Knowledge required: complete search or disjoint set

When one has Ebola, everyone in his class can potentially get Ebola. With that observation, we can express each class as a set. When person i and j are in the same class, we can simply merge the 2 sets that i and j belongs to. Hence, the intended solution to this problem is to use disjoint set to manage the contents of the sets.
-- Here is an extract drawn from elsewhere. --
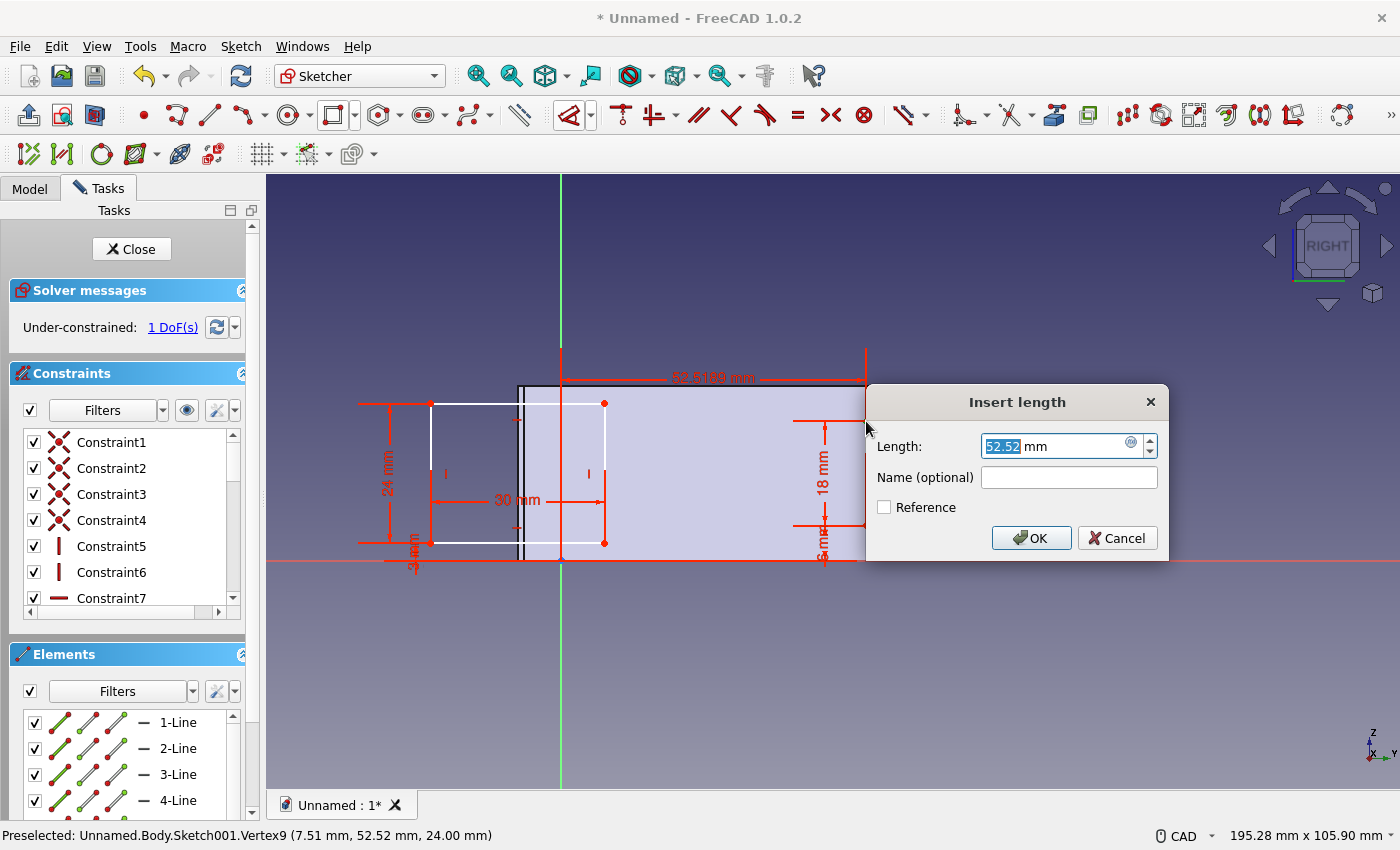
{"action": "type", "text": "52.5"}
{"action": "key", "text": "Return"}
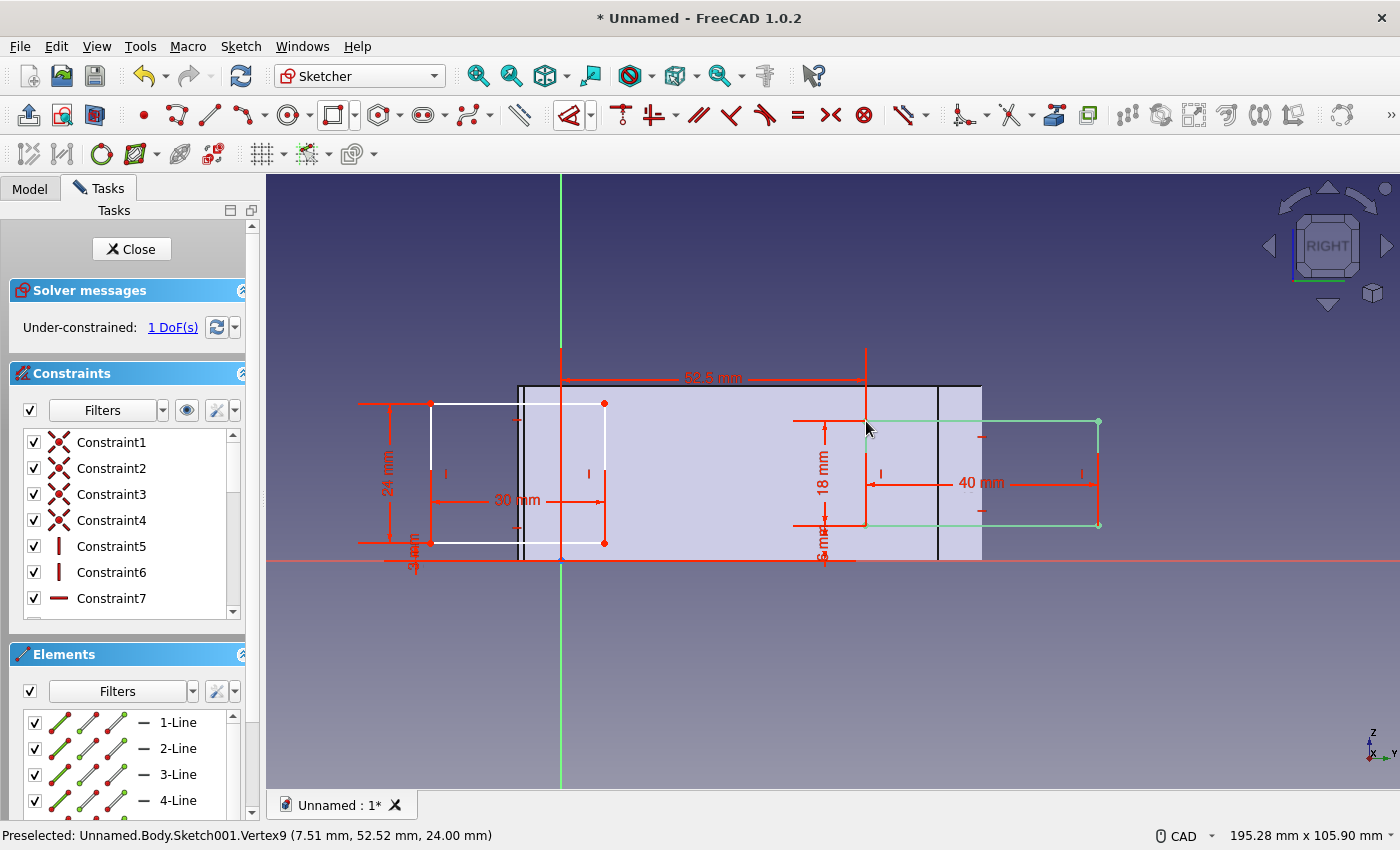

The disjoint set data structure has 2 operations \operatorname{Find}(a) and \operatorname{Merge}(a,b). When person i and j are in the same class, we can simply do \operatorname{Merge}(i,j). After processing all the classes, we can simply compare the value of \operatorname{Find}(1) and \operatorname{Find}(N) to determine if person N is infected.

A properly implemented disjoint set has a time complexity of \mathcal{O}(\alpha(N)) for each operation, where \alpha(N) is the Inverse Ackermann function, which is smaller than 5 for all reasonable values of N.

Time Complexity: \mathcal{O}(N + \sum K_i \alpha(N))

Alternate solution

Create a vertex for each student and each class. If a student is in a class, then create an edge between that student and that class. In total, there are N+M vertices and \sum K_i edges.

Next, do a graph search starting at student 1. Make sure to output the visited students. The visited classes can be ignored.

Time Complexity: \mathcal{O}(N + \sum K_i)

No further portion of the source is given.